[Data records]
--------
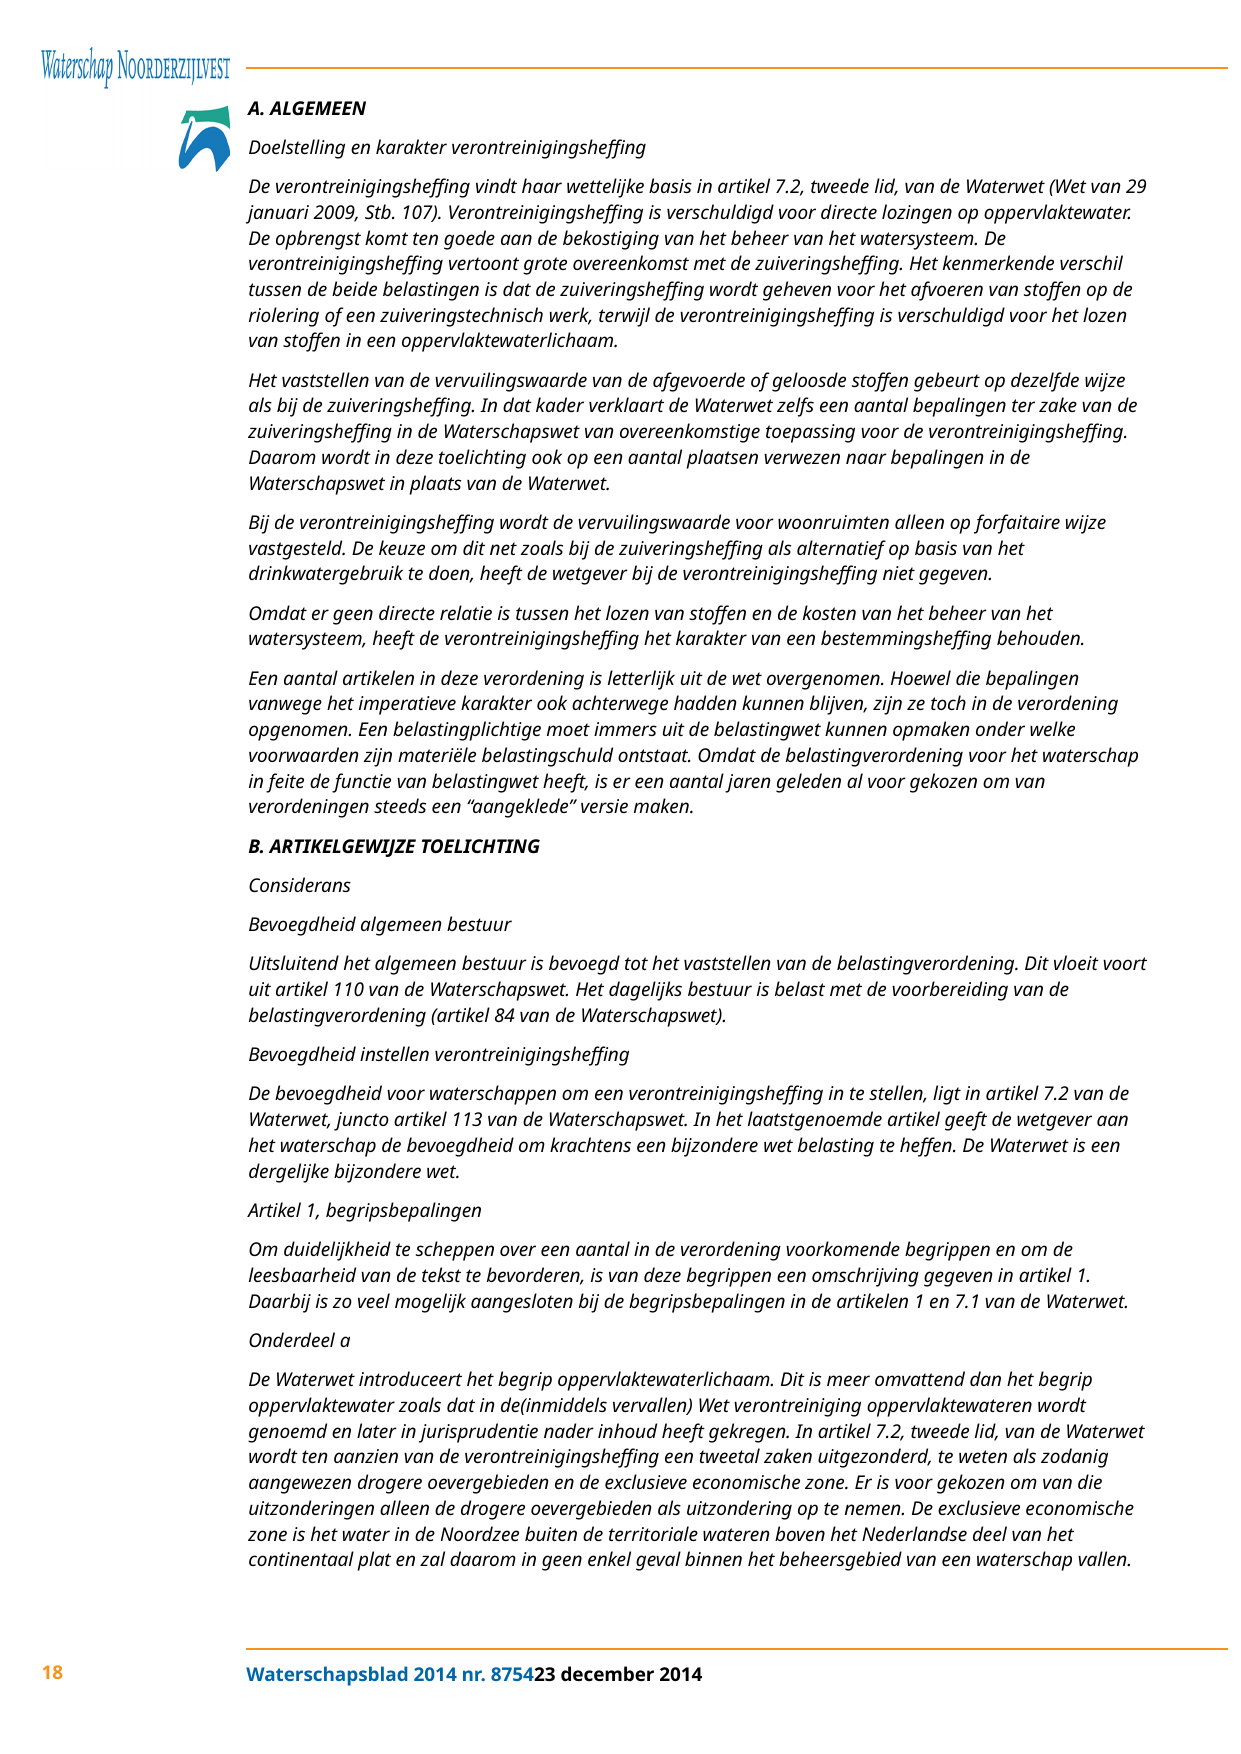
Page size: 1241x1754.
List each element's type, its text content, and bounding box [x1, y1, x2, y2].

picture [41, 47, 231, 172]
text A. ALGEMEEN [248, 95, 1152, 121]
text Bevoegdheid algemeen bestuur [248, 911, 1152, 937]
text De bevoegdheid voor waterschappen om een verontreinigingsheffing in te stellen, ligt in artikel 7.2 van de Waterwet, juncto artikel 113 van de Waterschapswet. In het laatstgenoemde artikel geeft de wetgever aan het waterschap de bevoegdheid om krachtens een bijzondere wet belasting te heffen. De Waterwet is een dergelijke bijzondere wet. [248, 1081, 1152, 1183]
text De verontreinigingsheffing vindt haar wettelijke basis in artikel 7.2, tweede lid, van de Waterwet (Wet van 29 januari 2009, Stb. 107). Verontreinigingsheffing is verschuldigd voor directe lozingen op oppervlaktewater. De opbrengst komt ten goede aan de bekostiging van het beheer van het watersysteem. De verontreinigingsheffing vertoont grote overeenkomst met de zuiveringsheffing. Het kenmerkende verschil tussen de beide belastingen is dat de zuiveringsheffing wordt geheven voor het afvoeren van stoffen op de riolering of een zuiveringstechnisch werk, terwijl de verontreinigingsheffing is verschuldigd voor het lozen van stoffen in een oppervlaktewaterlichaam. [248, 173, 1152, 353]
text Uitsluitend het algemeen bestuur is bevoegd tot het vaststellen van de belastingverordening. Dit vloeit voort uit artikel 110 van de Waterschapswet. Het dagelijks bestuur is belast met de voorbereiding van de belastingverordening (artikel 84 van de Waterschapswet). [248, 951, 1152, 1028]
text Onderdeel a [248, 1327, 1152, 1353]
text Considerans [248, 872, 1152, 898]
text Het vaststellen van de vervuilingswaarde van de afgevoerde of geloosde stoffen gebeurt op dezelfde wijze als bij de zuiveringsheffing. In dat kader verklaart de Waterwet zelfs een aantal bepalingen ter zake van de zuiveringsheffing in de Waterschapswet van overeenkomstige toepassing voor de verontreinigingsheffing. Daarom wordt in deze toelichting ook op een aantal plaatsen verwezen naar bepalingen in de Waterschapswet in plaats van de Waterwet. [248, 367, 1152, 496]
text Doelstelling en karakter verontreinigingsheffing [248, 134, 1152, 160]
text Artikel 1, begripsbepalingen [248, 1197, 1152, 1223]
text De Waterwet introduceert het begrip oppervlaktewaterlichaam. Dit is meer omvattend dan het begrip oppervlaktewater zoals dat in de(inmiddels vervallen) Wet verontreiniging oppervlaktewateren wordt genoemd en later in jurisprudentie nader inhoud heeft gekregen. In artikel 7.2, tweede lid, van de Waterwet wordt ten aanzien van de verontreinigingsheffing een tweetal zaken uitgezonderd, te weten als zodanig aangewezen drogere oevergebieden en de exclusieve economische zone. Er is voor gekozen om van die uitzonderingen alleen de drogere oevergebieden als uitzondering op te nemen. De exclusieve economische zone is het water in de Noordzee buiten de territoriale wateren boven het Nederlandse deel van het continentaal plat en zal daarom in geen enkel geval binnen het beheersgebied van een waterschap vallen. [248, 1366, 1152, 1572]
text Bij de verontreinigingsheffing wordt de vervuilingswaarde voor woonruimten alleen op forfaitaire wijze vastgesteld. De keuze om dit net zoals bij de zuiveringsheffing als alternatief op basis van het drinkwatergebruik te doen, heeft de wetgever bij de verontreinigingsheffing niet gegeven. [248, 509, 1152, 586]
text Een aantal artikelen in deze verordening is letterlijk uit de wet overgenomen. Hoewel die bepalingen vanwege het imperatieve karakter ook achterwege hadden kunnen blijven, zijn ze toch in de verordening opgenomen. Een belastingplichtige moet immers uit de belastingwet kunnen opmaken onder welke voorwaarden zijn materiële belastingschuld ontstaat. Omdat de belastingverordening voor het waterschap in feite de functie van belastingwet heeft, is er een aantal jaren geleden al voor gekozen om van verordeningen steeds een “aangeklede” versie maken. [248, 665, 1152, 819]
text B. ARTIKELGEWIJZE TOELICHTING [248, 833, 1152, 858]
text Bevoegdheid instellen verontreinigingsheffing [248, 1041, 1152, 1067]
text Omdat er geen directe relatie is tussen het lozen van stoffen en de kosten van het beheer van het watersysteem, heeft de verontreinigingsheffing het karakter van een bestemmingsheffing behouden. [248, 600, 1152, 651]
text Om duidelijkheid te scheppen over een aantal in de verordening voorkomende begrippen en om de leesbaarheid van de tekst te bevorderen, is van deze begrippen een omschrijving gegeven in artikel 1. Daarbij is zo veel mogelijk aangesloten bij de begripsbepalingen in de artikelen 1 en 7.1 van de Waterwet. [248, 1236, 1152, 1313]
--------
[WORK INSTRUCTIONS]
Nothing but the lines from the one with "text Omdat er" to the last line of the data should appear in the answer, each exactly as it stands.

[REPLY]
text Omdat er geen directe relatie is tussen het lozen van stoffen en de kosten van het beheer van het watersysteem, heeft de verontreinigingsheffing het karakter van een bestemmingsheffing behouden. [248, 600, 1152, 651]
text Om duidelijkheid te scheppen over een aantal in de verordening voorkomende begrippen en om de leesbaarheid van de tekst te bevorderen, is van deze begrippen een omschrijving gegeven in artikel 1. Daarbij is zo veel mogelijk aangesloten bij de begripsbepalingen in de artikelen 1 en 7.1 van de Waterwet. [248, 1236, 1152, 1313]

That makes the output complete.